WORK REQUEST: Show every line in the entries below where the word "frame" appears.

(Records drawn from a dataset)
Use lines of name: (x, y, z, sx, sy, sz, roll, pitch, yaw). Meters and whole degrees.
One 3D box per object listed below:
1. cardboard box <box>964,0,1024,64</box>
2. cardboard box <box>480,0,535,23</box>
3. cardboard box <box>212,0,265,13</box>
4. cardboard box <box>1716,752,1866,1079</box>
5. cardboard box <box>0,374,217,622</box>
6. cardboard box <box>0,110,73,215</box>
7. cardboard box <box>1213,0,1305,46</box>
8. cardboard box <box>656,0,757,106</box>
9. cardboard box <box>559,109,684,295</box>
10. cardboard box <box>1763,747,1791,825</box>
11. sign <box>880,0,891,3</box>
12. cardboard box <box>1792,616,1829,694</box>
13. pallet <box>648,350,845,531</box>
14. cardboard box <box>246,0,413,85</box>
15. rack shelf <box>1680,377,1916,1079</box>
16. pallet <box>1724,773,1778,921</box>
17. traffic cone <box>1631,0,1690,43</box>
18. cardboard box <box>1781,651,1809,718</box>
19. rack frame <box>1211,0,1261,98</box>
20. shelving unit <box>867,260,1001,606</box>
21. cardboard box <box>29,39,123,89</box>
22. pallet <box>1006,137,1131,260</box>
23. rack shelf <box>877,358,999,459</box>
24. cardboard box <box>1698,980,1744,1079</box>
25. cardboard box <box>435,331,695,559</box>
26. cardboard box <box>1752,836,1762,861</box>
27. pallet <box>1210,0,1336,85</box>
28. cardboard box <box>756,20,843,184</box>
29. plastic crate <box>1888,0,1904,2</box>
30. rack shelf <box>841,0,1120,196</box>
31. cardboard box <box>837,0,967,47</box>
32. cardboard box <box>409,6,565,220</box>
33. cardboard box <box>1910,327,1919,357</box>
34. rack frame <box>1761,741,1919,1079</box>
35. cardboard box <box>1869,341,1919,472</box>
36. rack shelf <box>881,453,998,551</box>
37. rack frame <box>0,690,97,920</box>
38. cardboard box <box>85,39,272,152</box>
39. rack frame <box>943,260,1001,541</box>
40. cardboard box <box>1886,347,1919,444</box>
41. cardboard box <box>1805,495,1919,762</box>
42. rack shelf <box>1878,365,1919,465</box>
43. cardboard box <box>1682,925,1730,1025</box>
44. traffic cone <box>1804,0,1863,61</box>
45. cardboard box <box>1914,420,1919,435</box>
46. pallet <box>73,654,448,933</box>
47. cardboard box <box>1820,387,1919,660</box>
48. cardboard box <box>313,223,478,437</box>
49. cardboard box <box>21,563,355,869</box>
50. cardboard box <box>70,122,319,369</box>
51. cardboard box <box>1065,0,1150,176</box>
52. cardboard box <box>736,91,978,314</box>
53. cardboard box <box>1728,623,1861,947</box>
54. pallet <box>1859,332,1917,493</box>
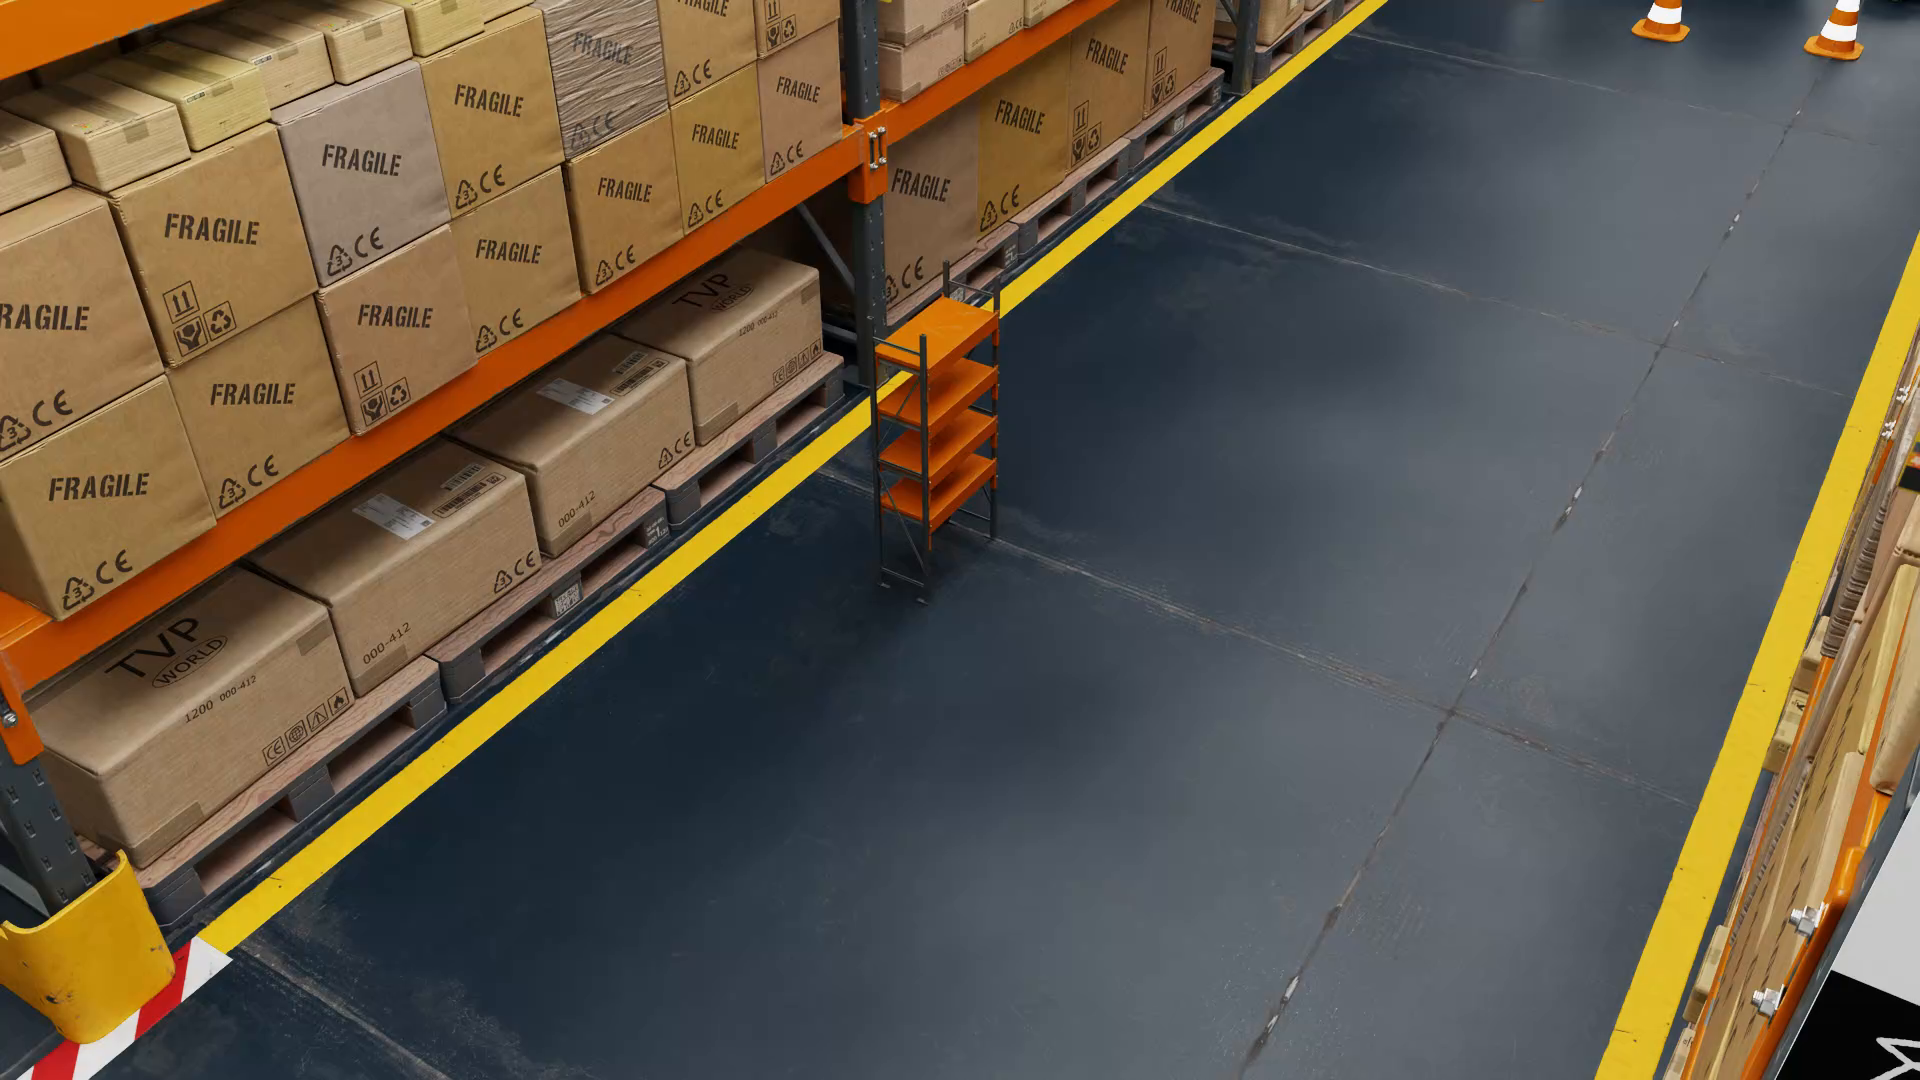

THE ANSWER:
19. rack frame <box>1211,0,1261,98</box>
34. rack frame <box>1761,741,1919,1079</box>
37. rack frame <box>0,690,97,920</box>
39. rack frame <box>943,260,1001,541</box>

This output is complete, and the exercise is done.